I apologize for not including the pages as part of this historical document but I cannot in good conscience publish methods so totally against my beliefs.



Some Other Forms of Protection

     One form of protection against cutworms is a collar 2 inches wide made of stiff paper, placed around the stem of the plant and with its lower edge inserted in the ground, to prevent the pests from reaching both stem and upper part of root.
     Small frames covered with mosquito netting or cheesecloth set over young plants will protect them.

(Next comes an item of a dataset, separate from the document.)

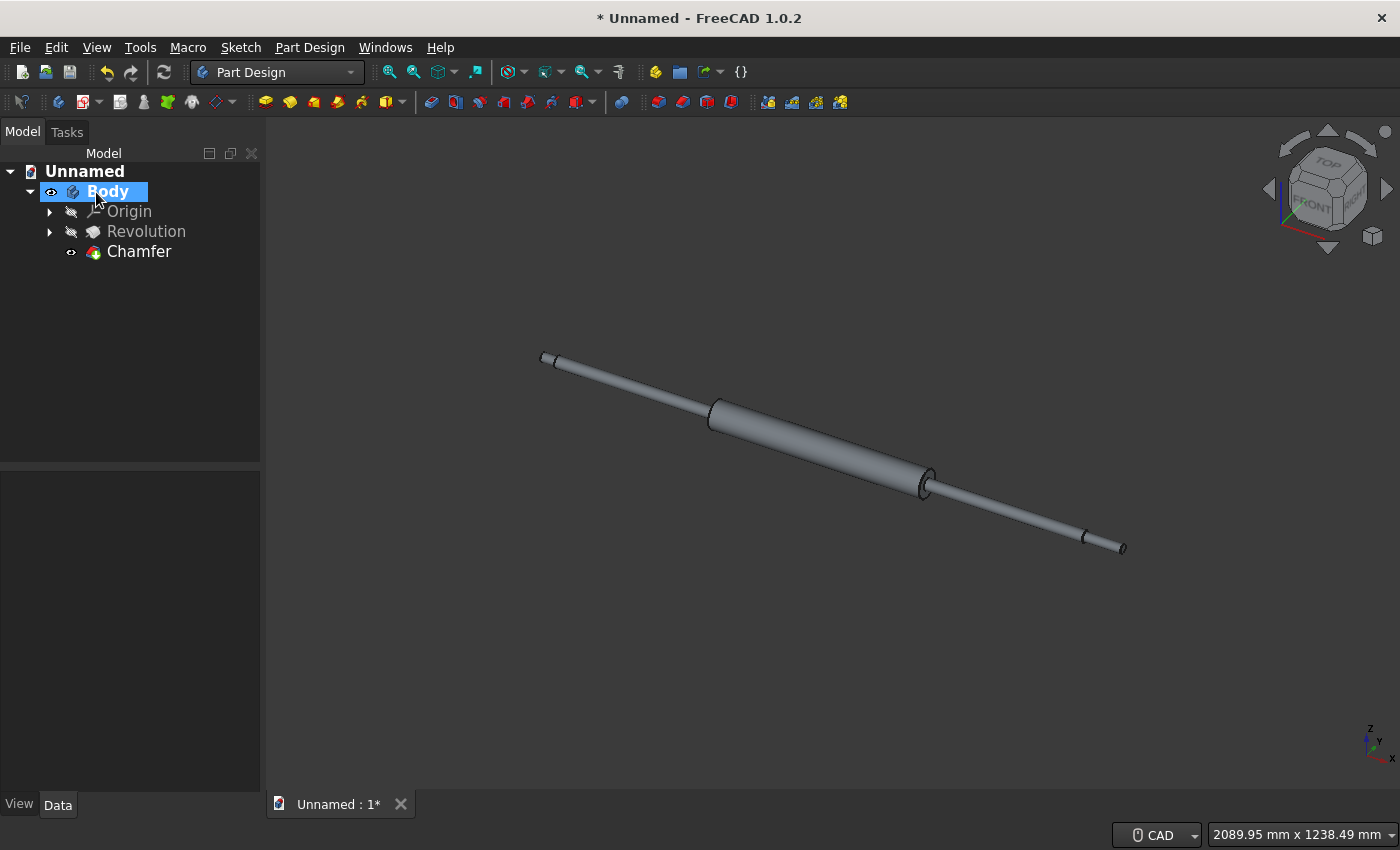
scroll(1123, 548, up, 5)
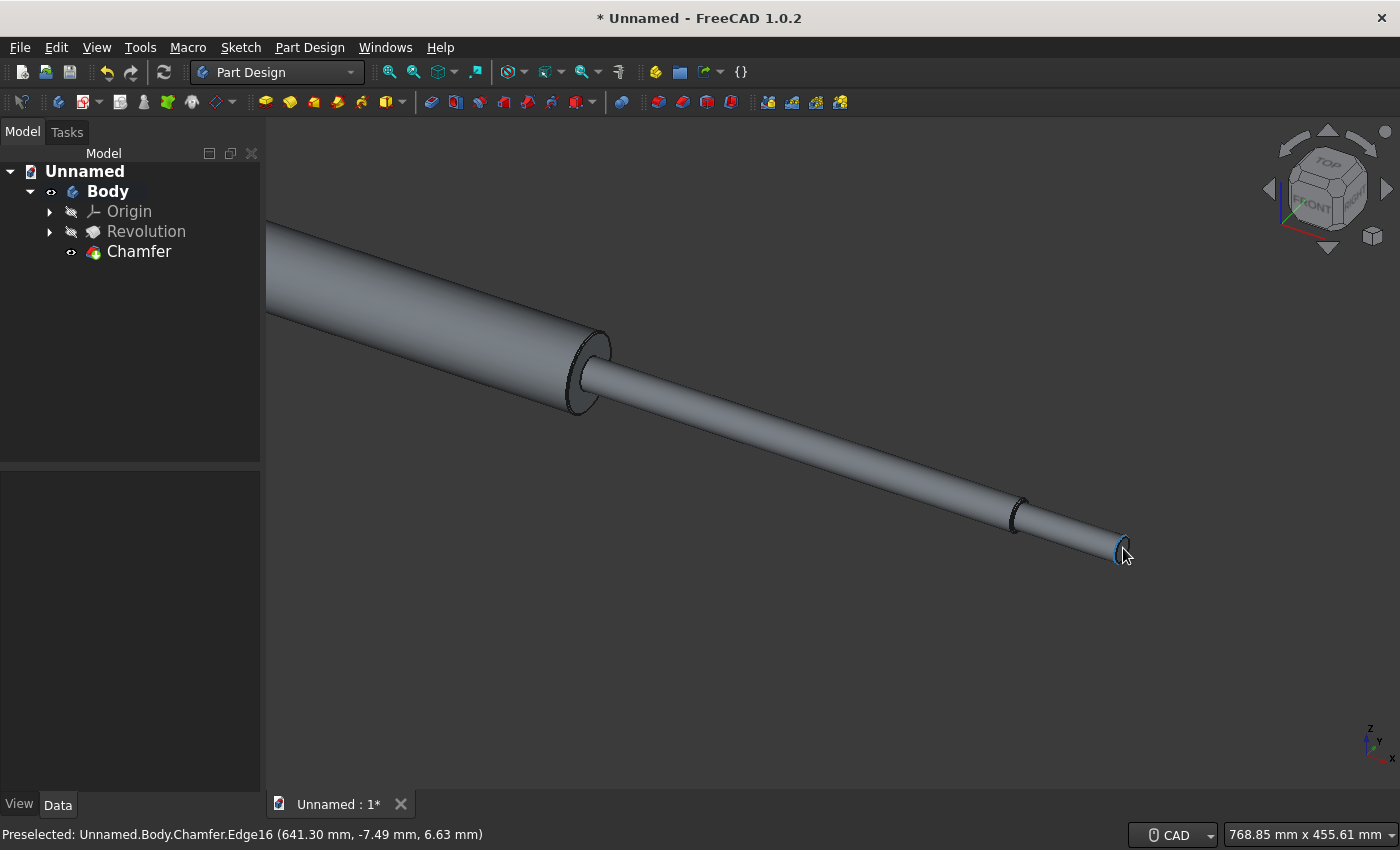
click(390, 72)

     An ounce of prevention is worth a pound of cure in the matter of controlling diseases and insects. Clean garden soil aids in keeping out insects and disease. All plants purchased should be healthy and free from disease. The roots should not be swollen or knotted. Treat Irish potatoes for scab before planting. Do not plant cabbage having clubroot or sweet potatoes affected with black-rot.
     Many insects carry disease and spores from one plant to another as well as attacking the crops directly.
     Avoid wounding or bruising plants and vegetables when cultivating and harvesting them, to prevent certain insects from gaining access to them.
     Have order, neatness and cleanliness in the garden. In the fall turn under promptly, all vegetation so that insects and disease spores may not find winter quarters. Keep down all weeds, as a great many insects feed naturally upon them. All diseased plants which remain at the end of the season should be burned, as should all rubbish which is of such character that i will not decay and is therefore not useful in making compost. This includes trash, sticks and the like. It may seem like a waste of vegetable matter to burn the dead tomato vines, bean vines and other plant tops which have been diseased, but this should be done because to save or compost these for fertilizer would simply be maturing and saving millions of disease spores which would be on hand ready to attack the crops next year. More than this, a clean garden appeals to the eye and to the pride of the owner as a winter landscape.
     Corn stalks, cabbage leaves and stumps, beet tops if not canned, and other healthy plants should be saved for mulching or be added to the compost heap.
     The remnants of vegetable matter, which are not infected with disease or insects, should be made into compost heaps for the coming year and covered with stable manure and dirt to hasten decay, as decayed vegetable matter enriches the soil. (Directions for making a compost heap are given on page 5). Plowing or deep spading in the fall is important, as it breaks up the winter homes of underground insect pests. Rotation of crops also lessens the danger of attacks from insects and diseases.



     Too much emphasis cannot be placed on the need for taking precautions against diseases and insects. Familiarize yourself with such diseases and insects as prevail in your neighborhood on the crops you plan to raise. Then provide yourself in advance with remedies and equipment. Watch carefully for first signs of trouble and apply remedies at once. Inspect your garden every two or three days.

* [ed. note] see Mulch, Intensive and Lazy Gardening Books for alternative methods of preparing the soil and planting.

"Carrots Love Tomatoes" is a good reference for companion planting - which plants like to be planted closer to each other and which ones do not like each other.